Exercise requirements
What lines in the data hold the string "screenshot"? Show them.

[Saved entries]
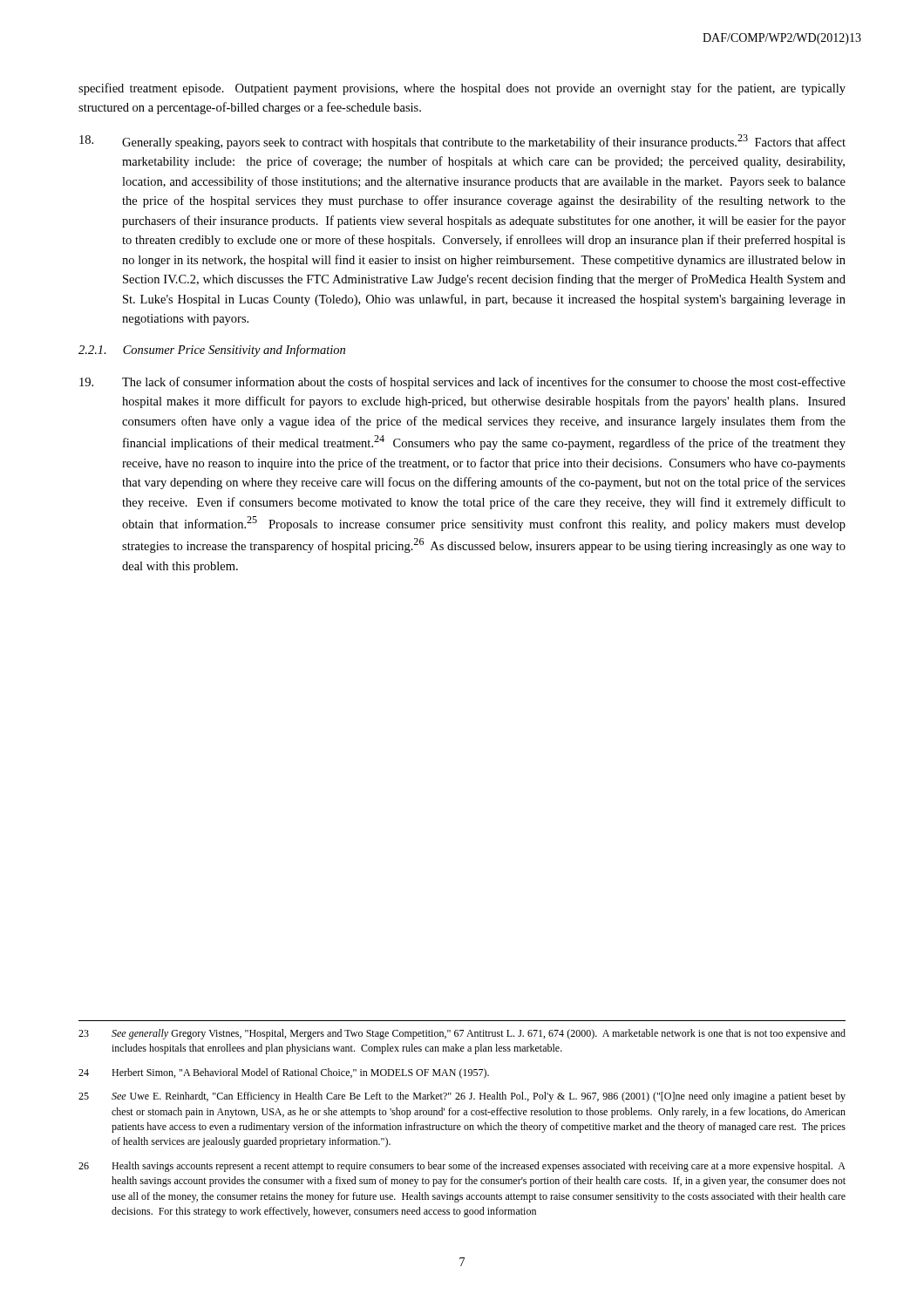
Task: Locate the block starting "24 Herbert Simon, "A Behavioral"
Action: click(462, 1073)
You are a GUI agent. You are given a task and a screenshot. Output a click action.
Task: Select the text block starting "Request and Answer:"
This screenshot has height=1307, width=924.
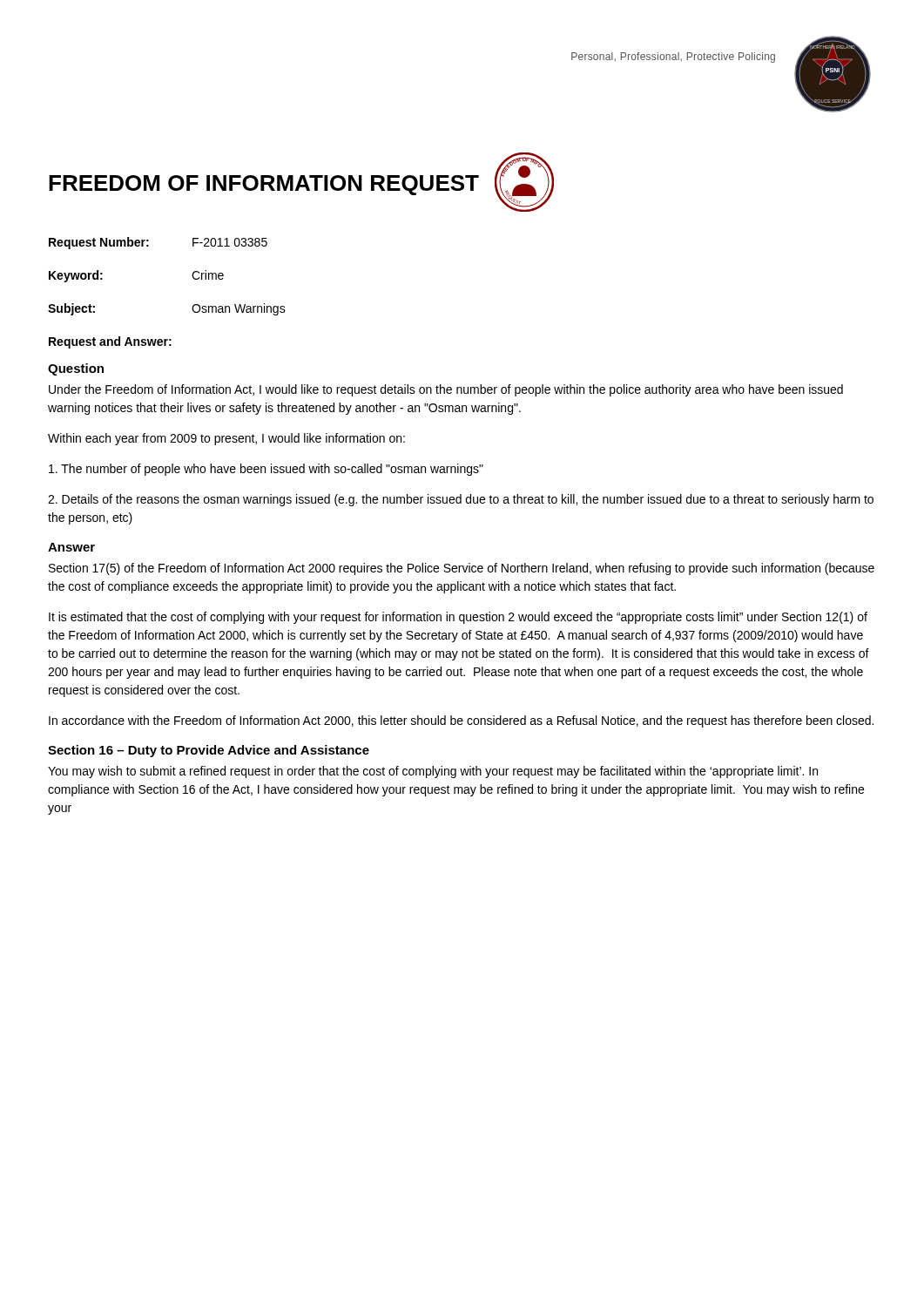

Your response
You are a GUI agent. You are given a task and a screenshot. Output a click action.
This screenshot has height=1307, width=924.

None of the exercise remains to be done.